#### [ACTIVITY]
Nothing outside the range below should be printed. Output exactly the lines from the line with "Use the analyzer" to the line with "- output level", both included.

#### [GIVEN RECORDS]
=== Section Start ===
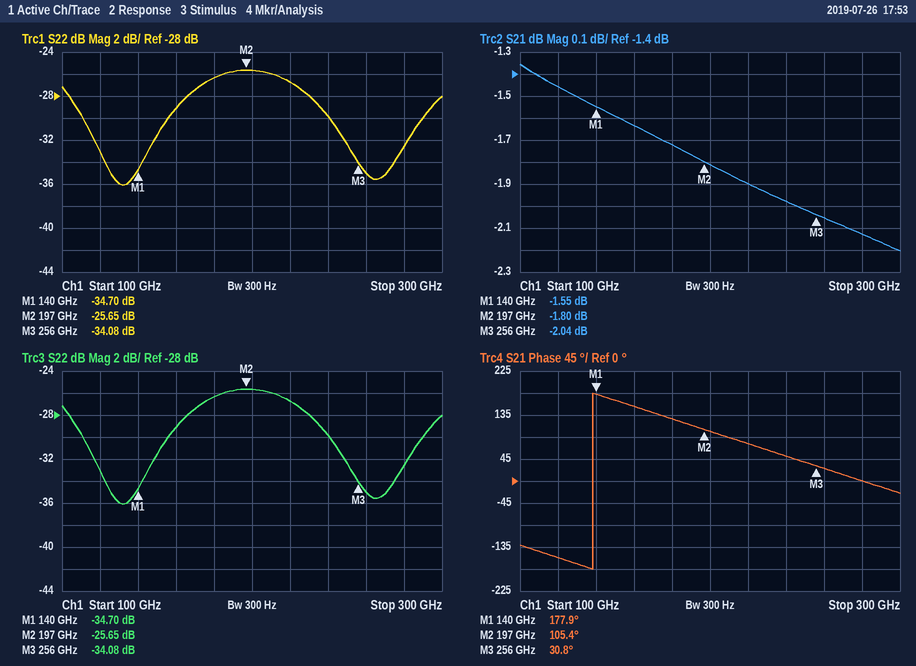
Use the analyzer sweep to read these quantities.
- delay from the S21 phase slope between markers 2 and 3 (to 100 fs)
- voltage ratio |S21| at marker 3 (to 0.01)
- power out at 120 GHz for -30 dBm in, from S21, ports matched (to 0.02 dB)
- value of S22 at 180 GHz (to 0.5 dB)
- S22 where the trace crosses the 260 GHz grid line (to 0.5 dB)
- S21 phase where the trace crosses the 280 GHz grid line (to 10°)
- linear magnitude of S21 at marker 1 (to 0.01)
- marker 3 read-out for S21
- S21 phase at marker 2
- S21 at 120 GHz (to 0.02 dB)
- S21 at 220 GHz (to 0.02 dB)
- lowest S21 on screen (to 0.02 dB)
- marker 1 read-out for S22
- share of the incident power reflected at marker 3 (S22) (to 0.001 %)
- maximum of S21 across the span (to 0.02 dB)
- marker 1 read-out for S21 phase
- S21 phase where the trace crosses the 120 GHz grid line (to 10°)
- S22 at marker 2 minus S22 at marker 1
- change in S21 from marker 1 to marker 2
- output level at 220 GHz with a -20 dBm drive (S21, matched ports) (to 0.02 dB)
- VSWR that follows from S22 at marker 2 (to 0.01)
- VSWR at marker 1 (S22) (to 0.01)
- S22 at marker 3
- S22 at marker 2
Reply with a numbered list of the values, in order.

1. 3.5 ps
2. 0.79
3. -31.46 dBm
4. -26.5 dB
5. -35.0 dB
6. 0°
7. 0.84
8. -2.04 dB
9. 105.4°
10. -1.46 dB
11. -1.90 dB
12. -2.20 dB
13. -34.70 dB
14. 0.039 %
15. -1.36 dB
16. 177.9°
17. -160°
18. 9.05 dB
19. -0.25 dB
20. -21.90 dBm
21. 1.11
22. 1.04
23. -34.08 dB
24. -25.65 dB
=== Section End ===
=== Section Start ===
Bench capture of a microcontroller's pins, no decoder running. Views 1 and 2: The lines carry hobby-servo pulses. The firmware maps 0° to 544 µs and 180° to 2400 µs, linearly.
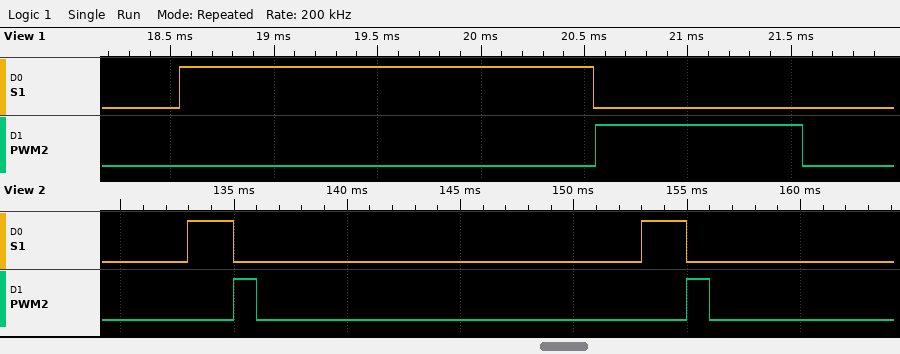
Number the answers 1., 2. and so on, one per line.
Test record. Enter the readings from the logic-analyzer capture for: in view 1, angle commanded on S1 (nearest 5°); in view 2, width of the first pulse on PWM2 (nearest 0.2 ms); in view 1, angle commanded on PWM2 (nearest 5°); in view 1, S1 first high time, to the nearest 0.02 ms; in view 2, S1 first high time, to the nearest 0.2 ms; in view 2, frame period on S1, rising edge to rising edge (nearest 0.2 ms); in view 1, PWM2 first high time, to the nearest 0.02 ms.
=== Section End ===
#### [SOLUTION FOR THIS TASK]
Use the analyzer sweep to read these quantities.
- delay from the S21 phase slope between markers 2 and 3 (to 100 fs)
- voltage ratio |S21| at marker 3 (to 0.01)
- power out at 120 GHz for -30 dBm in, from S21, ports matched (to 0.02 dB)
- value of S22 at 180 GHz (to 0.5 dB)
- S22 where the trace crosses the 260 GHz grid line (to 0.5 dB)
- S21 phase where the trace crosses the 280 GHz grid line (to 10°)
- linear magnitude of S21 at marker 1 (to 0.01)
- marker 3 read-out for S21
- S21 phase at marker 2
- S21 at 120 GHz (to 0.02 dB)
- S21 at 220 GHz (to 0.02 dB)
- lowest S21 on screen (to 0.02 dB)
- marker 1 read-out for S22
- share of the incident power reflected at marker 3 (S22) (to 0.001 %)
- maximum of S21 across the span (to 0.02 dB)
- marker 1 read-out for S21 phase
- S21 phase where the trace crosses the 120 GHz grid line (to 10°)
- S22 at marker 2 minus S22 at marker 1
- change in S21 from marker 1 to marker 2
- output level at 220 GHz with a -20 dBm drive (S21, matched ports) (to 0.02 dB)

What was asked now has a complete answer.